Detailed comparative studies have confirmed that variability between pXRF and other lab-based techniques, e.g., LA-ICP-MS, for detecting the major elements is sufficiently low as to validate the use of pXRF for this type of analysis [81]. This is especially useful since pXRF provides one of a restrictive repertoire of non-destructive analytical techniques on precious irreplaceable artefacts that cannot be removed from the museum.
Most of the fragments are in a remarkably well-preserved condition with no obvious sign of corrosion or degeneration visible to the naked eye or under a light microscope. Only artefact no. 711 has suffered from corrosion, which is likely the result of post-depositional conditions, possibly relating to alumina and lime which could have penetrated the porous enamelled layer [40]. Aside from elevated K, the elemental composition of these degraded features does not, however, differ markedly from the other painted areas on the glass.
Perhaps surprisingly, the high level of Si present in the base glass is masked on all the painted features where the levels are consistently lower.
The levels of Mn and Sb detected in the colourless base glass are broadly comparable.

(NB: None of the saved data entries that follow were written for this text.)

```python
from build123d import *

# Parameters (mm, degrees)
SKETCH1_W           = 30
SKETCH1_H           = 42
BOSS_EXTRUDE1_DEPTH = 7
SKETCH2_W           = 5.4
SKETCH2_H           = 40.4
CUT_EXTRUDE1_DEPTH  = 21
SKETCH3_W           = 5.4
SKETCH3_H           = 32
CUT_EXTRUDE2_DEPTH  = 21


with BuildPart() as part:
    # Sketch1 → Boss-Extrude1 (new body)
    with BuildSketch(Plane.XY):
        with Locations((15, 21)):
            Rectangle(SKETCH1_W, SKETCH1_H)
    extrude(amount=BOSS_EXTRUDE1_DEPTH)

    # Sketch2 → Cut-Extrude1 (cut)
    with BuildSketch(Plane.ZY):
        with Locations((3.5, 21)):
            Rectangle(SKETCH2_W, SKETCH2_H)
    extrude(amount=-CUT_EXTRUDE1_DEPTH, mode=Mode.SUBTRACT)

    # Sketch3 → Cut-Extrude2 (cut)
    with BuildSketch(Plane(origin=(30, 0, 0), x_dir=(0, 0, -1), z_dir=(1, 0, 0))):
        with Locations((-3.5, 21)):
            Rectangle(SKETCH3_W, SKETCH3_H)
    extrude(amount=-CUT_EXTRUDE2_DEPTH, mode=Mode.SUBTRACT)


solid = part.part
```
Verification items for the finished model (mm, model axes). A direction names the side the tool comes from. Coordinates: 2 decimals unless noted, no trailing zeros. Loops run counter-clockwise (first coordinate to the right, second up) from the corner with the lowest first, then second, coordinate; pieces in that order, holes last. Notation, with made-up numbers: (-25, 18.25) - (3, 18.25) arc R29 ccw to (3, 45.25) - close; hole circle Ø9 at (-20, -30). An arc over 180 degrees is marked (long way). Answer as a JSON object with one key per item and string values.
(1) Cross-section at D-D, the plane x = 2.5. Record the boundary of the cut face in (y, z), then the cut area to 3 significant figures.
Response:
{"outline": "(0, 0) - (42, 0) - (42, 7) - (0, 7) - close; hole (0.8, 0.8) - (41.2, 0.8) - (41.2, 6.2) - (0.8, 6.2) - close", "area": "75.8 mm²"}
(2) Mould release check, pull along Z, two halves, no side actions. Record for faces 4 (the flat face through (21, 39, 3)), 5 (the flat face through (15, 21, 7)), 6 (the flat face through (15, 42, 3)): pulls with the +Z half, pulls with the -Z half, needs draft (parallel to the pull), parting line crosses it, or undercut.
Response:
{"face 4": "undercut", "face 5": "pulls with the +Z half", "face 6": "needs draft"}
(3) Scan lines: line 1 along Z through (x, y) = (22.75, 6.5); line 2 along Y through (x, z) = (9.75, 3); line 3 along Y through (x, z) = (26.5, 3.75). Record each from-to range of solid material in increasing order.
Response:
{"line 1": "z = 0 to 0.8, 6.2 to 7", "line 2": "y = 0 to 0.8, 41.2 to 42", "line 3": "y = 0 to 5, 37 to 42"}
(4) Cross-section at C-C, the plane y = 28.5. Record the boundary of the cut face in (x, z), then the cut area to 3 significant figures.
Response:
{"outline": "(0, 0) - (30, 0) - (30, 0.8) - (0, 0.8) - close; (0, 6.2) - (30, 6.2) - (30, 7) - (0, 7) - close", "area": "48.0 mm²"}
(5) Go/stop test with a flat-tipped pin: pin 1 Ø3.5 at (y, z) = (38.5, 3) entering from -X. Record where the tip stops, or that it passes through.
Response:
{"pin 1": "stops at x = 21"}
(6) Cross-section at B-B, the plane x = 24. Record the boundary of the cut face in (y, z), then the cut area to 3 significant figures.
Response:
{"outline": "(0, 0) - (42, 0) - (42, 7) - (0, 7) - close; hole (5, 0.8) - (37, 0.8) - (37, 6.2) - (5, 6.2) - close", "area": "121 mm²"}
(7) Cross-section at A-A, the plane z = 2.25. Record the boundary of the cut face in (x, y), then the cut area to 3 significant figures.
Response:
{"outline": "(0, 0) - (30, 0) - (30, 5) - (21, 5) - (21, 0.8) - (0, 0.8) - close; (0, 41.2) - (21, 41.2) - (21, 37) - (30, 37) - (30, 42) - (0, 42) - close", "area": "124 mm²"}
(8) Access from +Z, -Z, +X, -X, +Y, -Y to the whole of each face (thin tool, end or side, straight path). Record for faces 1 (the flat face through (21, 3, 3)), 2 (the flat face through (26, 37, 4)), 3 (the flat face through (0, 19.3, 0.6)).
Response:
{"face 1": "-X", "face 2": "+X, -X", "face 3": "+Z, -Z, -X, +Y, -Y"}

A slightly elevated Mn might indicate its incorporation as a decolourant or that sodium-rich plant ashes were used as fluxing agents in the creation of the vessel [14,19]. However, the level is only marginally higher than those present on most painted features, aside from some brown samples, which may derive from a natural contaminant in the raw materials used during manufacture [27]. Sb is detected at lower levels on the base glass than on painted features, particularly browns, blues and yellows. Combined, these results confirm that the colourless character of the base glass was likely achieved by using sand with high purity in its manufacture with the potential for low levels of Mn oxide (MnO) added as decolourant agents, as opposed to Sb oxide (Sb2O5) [30].
The concentration levels of silica, lime and chlorine can inform colouration processes, but different levels of lead in yellows may be suggestive of workshops in diverse geographic locations, e.g., Egypt or Italy [30]. Certainly, in the absence of Sn together with very low trace levels of Cr on only a few spots, the use of tin-based opacifiers seen in some vessels from Britain and France (first–second centuries) or chromium colourants [82] is not evidenced. This, along with low levels of Fe, P and Ti present in the base glass, confirms a second–third century date of manufacture through the combined evidence of technology [21] and typology [12].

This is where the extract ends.